British politician (1840–1903)

Henry de Worms, 1st Baron Pirbright PC, DL, JP, FRS (20 October 1840 – 9 January 1903), known before his elevation to the peerage in 1895 as Baron Henry de Worms, was a British Conservative politician.

==Background and education==

Henry de Worms was born in London on 20 October 1840, the third son of Solomon Benedict de Worms. His father owned large plantations in Ceylon and was made a Hereditary Baron of the Austrian Empire by Emperor Franz Joseph I of Austria. His mother was Henrietta Samuel, daughter of Samuel Moses Samuel. His siblings were George de Worms, 2nd Baron de Worms, Anthony Mayer de Worms, and Ellen Henrietta de Worms.

Both on his father's side and on his mother's side he belonged to wealthy mercantile families.

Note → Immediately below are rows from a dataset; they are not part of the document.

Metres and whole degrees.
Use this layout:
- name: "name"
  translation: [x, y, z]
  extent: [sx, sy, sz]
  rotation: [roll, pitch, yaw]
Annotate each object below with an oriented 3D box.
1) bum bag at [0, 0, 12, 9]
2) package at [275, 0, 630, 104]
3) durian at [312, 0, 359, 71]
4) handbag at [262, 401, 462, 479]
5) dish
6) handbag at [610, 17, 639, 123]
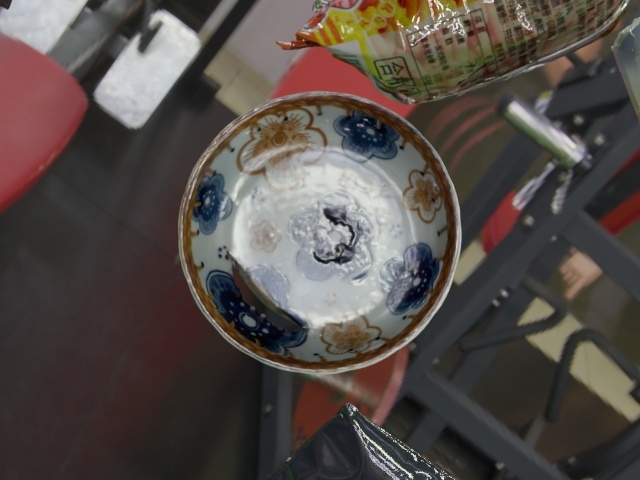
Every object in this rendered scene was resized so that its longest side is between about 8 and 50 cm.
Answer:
- name: "bum bag"
  translation: [-0.368, -0.348, 1.164]
  extent: [0.026, 0.109, 0.159]
  rotation: [2, 40, -35]
- name: "package"
  translation: [0.127, -0.168, 0.759]
  extent: [0.223, 0.288, 0.108]
  rotation: [-12, 88, -77]
- name: "durian"
  translation: [0.103, -0.260, 1.216]
  extent: [0.159, 0.198, 0.146]
  rotation: [60, 24, -6]
- name: "handbag"
  translation: [0.051, 0.305, 1.162]
  extent: [0.254, 0.211, 0.089]
  rotation: [37, 27, -23]
- name: "dish"
  translation: [0.000, 0.000, 0.538]
  extent: [0.141, 0.141, 0.078]
  rotation: [46, -5, 6]
- name: "handbag"
  translation: [0.371, -0.167, 1.045]
  extent: [0.095, 0.117, 0.173]
  rotation: [19, 49, -53]
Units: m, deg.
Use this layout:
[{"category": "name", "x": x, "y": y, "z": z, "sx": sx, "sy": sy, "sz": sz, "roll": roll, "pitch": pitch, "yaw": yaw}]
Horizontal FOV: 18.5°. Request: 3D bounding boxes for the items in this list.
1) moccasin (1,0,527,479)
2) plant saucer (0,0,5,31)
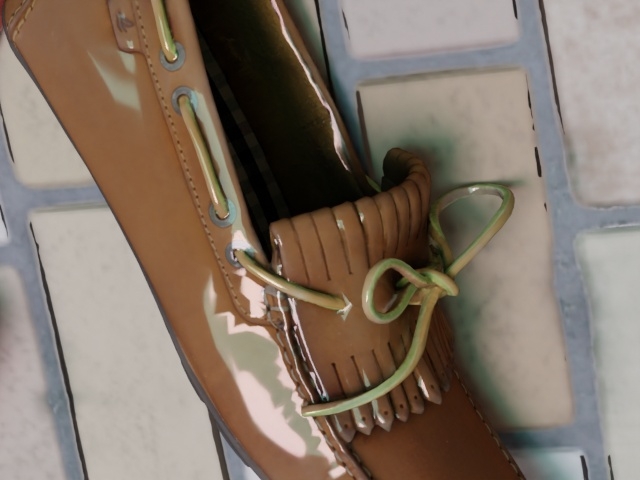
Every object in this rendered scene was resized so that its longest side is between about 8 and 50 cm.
[{"category": "moccasin", "x": 0.002, "y": -0.001, "z": 0.946, "sx": 0.147, "sy": 0.139, "sz": 0.380, "roll": -29, "pitch": 88, "yaw": 35}, {"category": "plant saucer", "x": -0.252, "y": -0.251, "z": 0.948, "sx": 0.258, "sy": 0.047, "sz": 0.259, "roll": 18, "pitch": 105, "yaw": 15}]

His paternal grandmother was Schönche Jeannette Rothschild, thus his paternal great-grandfather was Mayer Amschel Rothschild, the founder of the Rothschild banking dynasty.
As a result, his paternal great-granduncles were Amschel Mayer Rothschild, Salomon Mayer von Rothschild, Nathan Mayer Rothschild, Carl Mayer von Rothschild, and James Mayer de Rothschild. His uncles, who owned plantations in Ceylon with his father, were Maurice Benedict de Worms and Gabriel Benedict de Worms. His maternal grandfather was a West Indian merchant, whose fortune Lord Pirbright inherited indirectly through his uncle George Samuel.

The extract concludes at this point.